Keep the wording of each record exactly the same when you repeat it, and leave out pictures.

Data for the task>

# # # # #

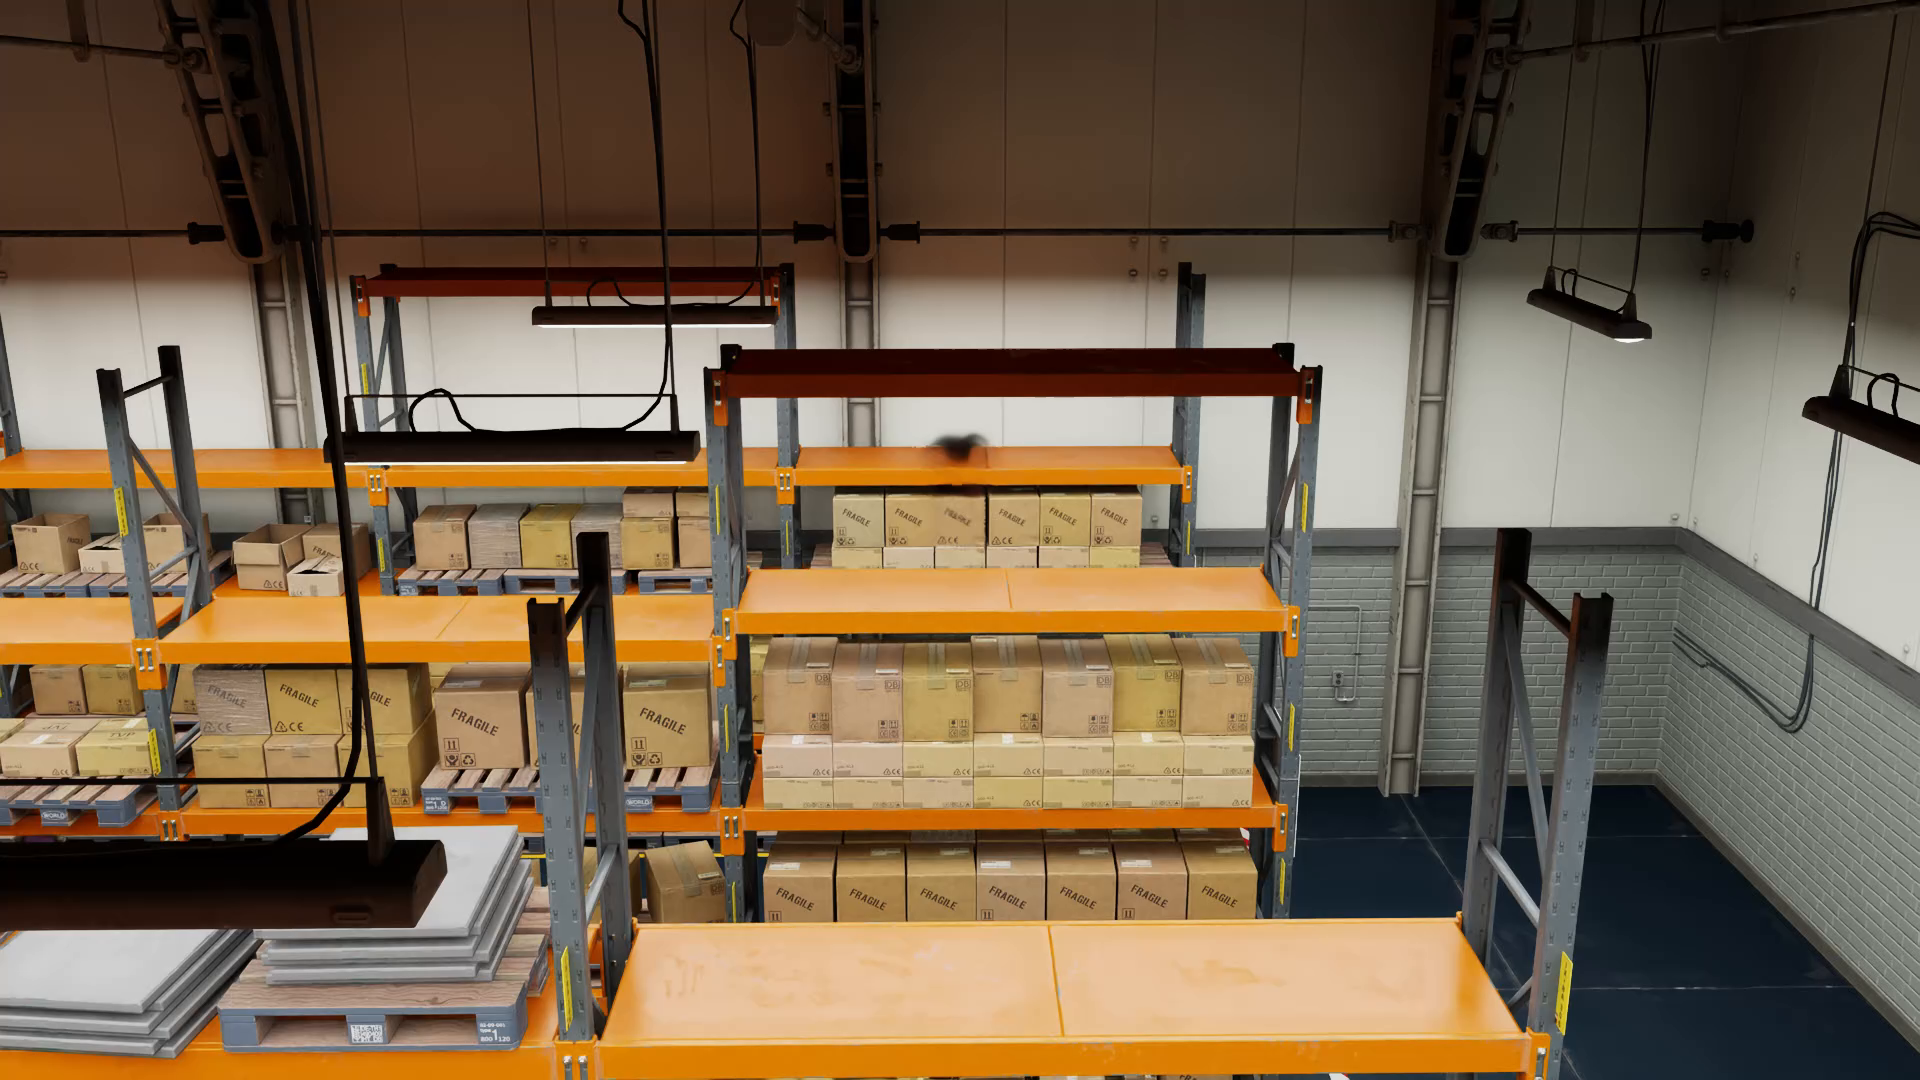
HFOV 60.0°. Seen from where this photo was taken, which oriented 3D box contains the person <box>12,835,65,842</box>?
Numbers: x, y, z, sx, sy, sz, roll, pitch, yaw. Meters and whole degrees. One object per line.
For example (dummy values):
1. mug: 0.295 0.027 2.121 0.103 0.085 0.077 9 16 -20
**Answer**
1. person: -8.525 3.011 15.393 0.499 1.628 0.335 -5 17 -16
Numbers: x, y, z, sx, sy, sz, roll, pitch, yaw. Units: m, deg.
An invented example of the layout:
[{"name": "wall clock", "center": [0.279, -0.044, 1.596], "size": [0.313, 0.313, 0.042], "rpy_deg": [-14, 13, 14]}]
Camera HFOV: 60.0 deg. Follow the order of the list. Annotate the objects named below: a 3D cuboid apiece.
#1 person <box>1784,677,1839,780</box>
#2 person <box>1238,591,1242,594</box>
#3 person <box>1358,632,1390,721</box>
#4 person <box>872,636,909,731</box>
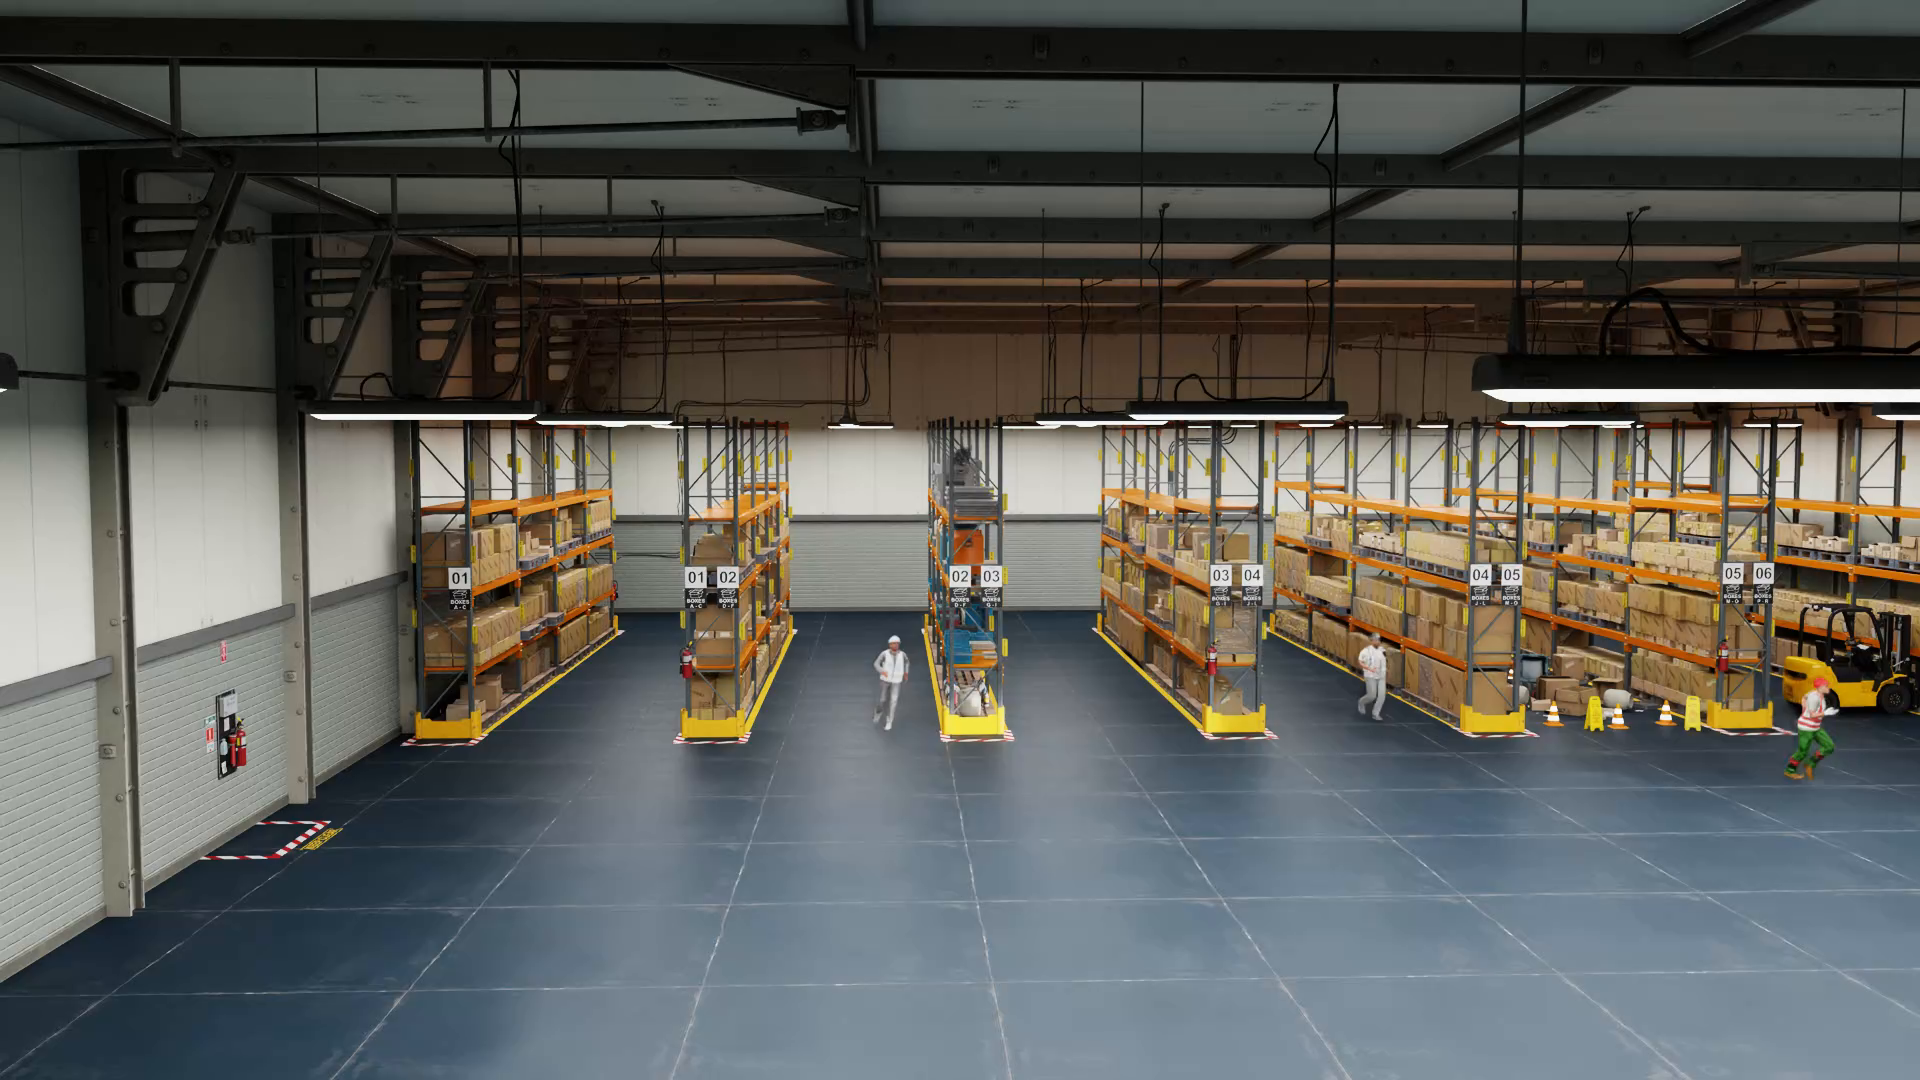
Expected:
[{"name": "person", "center": [13.847, 3.065, 27.013], "size": [0.628, 1.716, 0.828], "rpy_deg": [-3, 5, -42]}, {"name": "person", "center": [7.850, 1.939, 45.719], "size": [0.555, 1.644, 0.662], "rpy_deg": [0, 4, 1]}, {"name": "person", "center": [8.229, 2.693, 33.063], "size": [0.664, 1.742, 0.678], "rpy_deg": [-1, 4, -20]}, {"name": "person", "center": [-1.325, 2.747, 32.196], "size": [0.727, 1.790, 0.845], "rpy_deg": [0, 4, -7]}]

# # # # #

Completed exercise>
HFOV 60.0°. Seen from where this photo was taken, which oriented 3D box contains the person <box>12,835,65,842</box>?
Numbers: x, y, z, sx, sy, sz, roll, pitch, yaw. Meters and whole degrees. One object per line.
For example (dummy values):
1. mug: 0.295 0.027 2.121 0.103 0.085 0.077 9 16 -20
**Answer**
1. person: -8.525 3.011 15.393 0.499 1.628 0.335 -5 17 -16
Numbers: x, y, z, sx, sy, sz, roll, pitch, yaw. Units: m, deg.
An invented example of the layout:
[{"name": "wall clock", "center": [0.279, -0.044, 1.596], "size": [0.313, 0.313, 0.042], "rpy_deg": [-14, 13, 14]}]
Camera HFOV: 60.0 deg. Follow the order of the list. Annotate the objects named below: a 3D cuboid apiece.
#1 person <box>1784,677,1839,780</box>
#2 person <box>1238,591,1242,594</box>
#3 person <box>1358,632,1390,721</box>
#4 person <box>872,636,909,731</box>
Expected:
[{"name": "person", "center": [13.847, 3.065, 27.013], "size": [0.628, 1.716, 0.828], "rpy_deg": [-3, 5, -42]}, {"name": "person", "center": [7.850, 1.939, 45.719], "size": [0.555, 1.644, 0.662], "rpy_deg": [0, 4, 1]}, {"name": "person", "center": [8.229, 2.693, 33.063], "size": [0.664, 1.742, 0.678], "rpy_deg": [-1, 4, -20]}, {"name": "person", "center": [-1.325, 2.747, 32.196], "size": [0.727, 1.790, 0.845], "rpy_deg": [0, 4, -7]}]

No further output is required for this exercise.